La loi du 9 décembre 1905 portant séparation des Églises et de l'État mériterait, en théorie et au minimum, un toilettage. Mais il a suffi que l'éventualité en soit évoquée pour qu'aussitôt ressurgissent les vieux démons.

Cette loi est-elle à ce point fondatrice qu'elle serait devenue intangible ?

La crispation des esprits sur cette perspective est révélatrice d'un profond malentendu : chacun lit la loi à sa manière, souvent éloignée du texte et de l'intention de ses rédacteurs.

La célébration du centenaire de la loi du 9 décembre 1905 aura eu ce mérite : faire prendre conscience de ce qu'elle a réellement été et, par contraste, du fossé qui nous sépare de la société à qui elle s'adressait ; mais aussi de l'anachronisme d'un débat qui s'en tiendrait aux termes de l'époque. L'hypothétique révision de cette loi est donc un faux problème ou, à tout le moins, une question politique mal posée.

De fait, la société française, qui était encore largement catholique, ne l'est plus ; l'islam, alors limité aux colonies, est à présent la deuxième religion en France métropolitaine ; quant à la distinction public/privé qui structure la loi dans un sens précis et limité, elle nous est devenue hermétique et suscite de multiples contre-sens depuis que le "public" a tout envahi. C'est pourquoi le principe même d'un "retour à 1905" dans la pureté de ses origines, tel qu'il est prôné par certains, est vain en tout état de cause.

Ce ne sont pas les groupes de travail constitués ici ou là qui changeront les données du problème. Il n'est que d'entendre les multiples précautions dont leur convocation est entourée pour apercevoir les arrière-pensées contradictoires des protagonistes. Au mieux, le résultat de leurs conciliabules améliorera l'accessoire ; au pire l'acquis d'un siècle de pratique progressivement apaisée sera remis en cause.
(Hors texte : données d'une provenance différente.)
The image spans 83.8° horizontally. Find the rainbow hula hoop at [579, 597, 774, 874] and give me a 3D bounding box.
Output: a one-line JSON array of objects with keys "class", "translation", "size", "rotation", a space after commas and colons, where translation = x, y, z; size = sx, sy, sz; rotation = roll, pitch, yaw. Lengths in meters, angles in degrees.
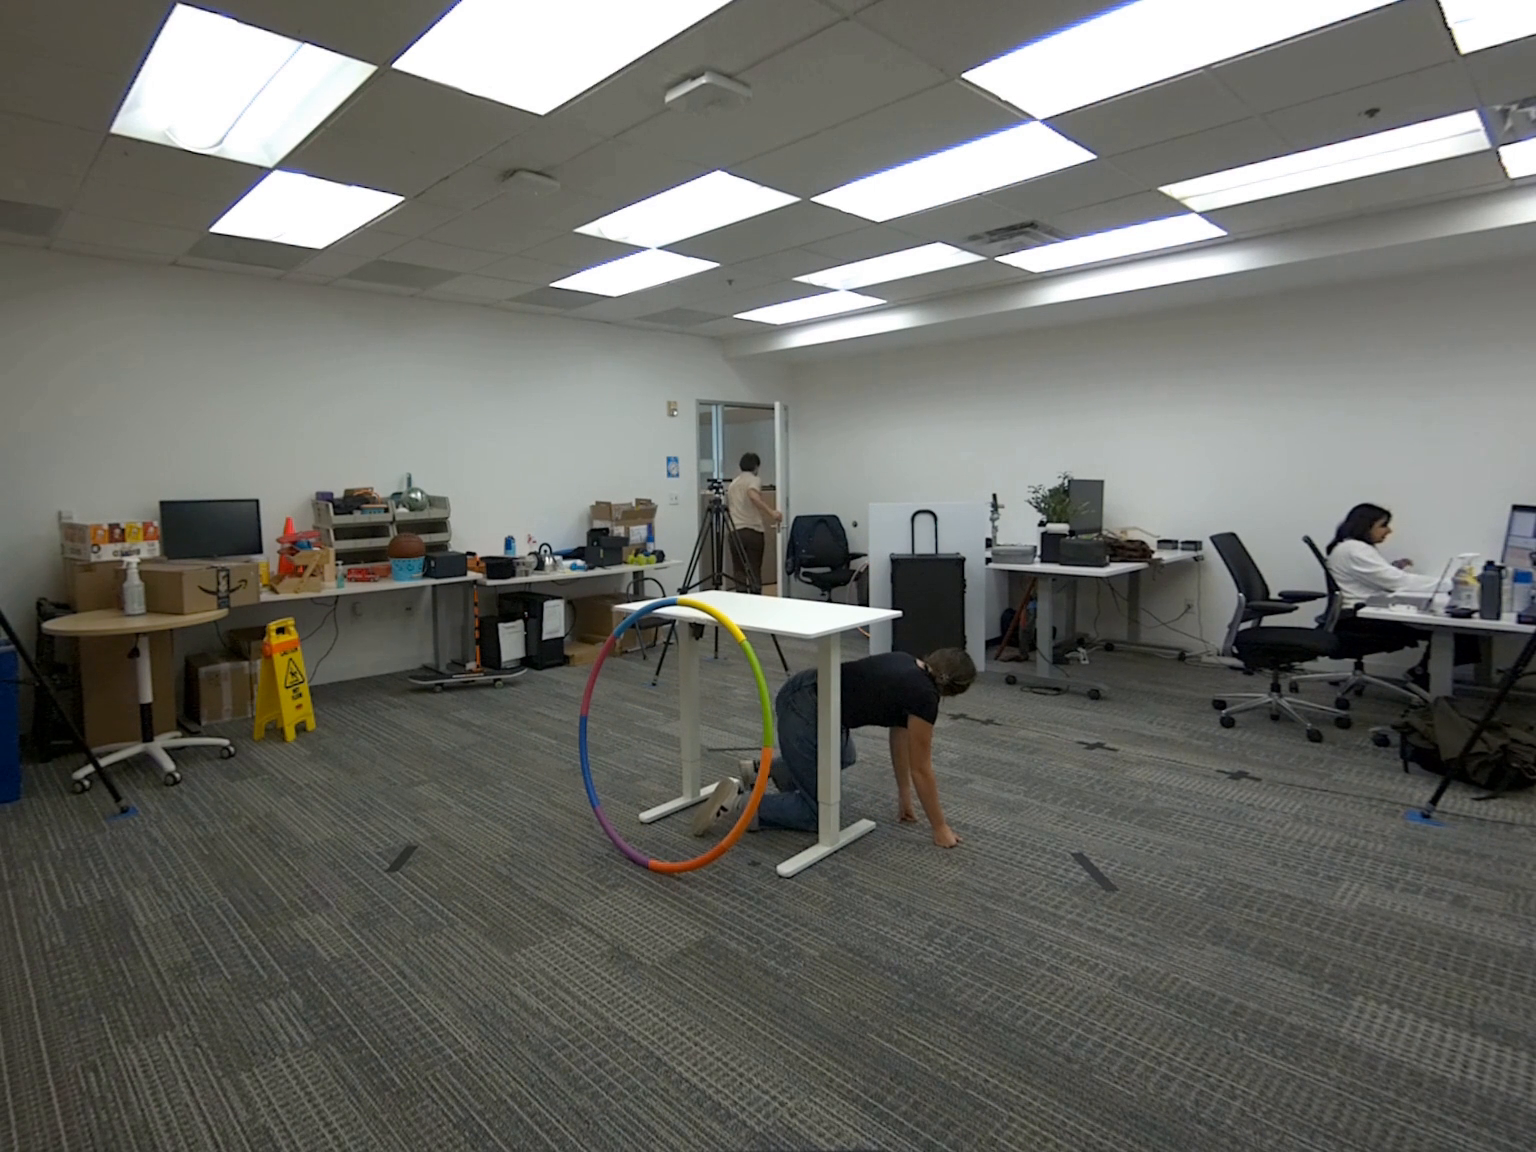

Pourquoi ? Parce que l'agnosticisme a gagné toute la société, et que, non content d'être omniprésent, il devient de plus en plus intolérant. Il supporte de moins en moins le fait religieux, considéré en tant que tel comme une contestation de sa prétention hégémonique. Or le vide religieux ne demande qu'à être rempli, et de multiples robinets, de plus ou moins bon aloi, ne demandent qu'à s'ouvrir. La question de la laïcité ne se pose donc plus dans les termes de 1905 et l'alternative "on change/on ne change pas" la loi est dépassée. Le dossier du dernier numéro de Liberté politique s'efforce de le montrer (1).

Par quoi et comment remplacer cette "laïcité à la française" qui est probablement morte ?

Il serait présomptueux d'avancer une formule prête à l'emploi : aucune solution ne sortira toute armée de la cuisse d'on ne sait quel Jupiter alors qu'on prend à peine conscience du vide spirituel dans lequel se trouve la société française. Prudence donc, pour ne pas jeter le bébé avec l'eau du bain et pour éviter de saborder un dispositif qui n'est pas dénué de valeur. Et surtout audace ; non pas conceptuelle, ce serait prématuré, mais d'abord pratique.

C'est à ce niveau qu'une réponse chrétienne peut, et doit, émerger.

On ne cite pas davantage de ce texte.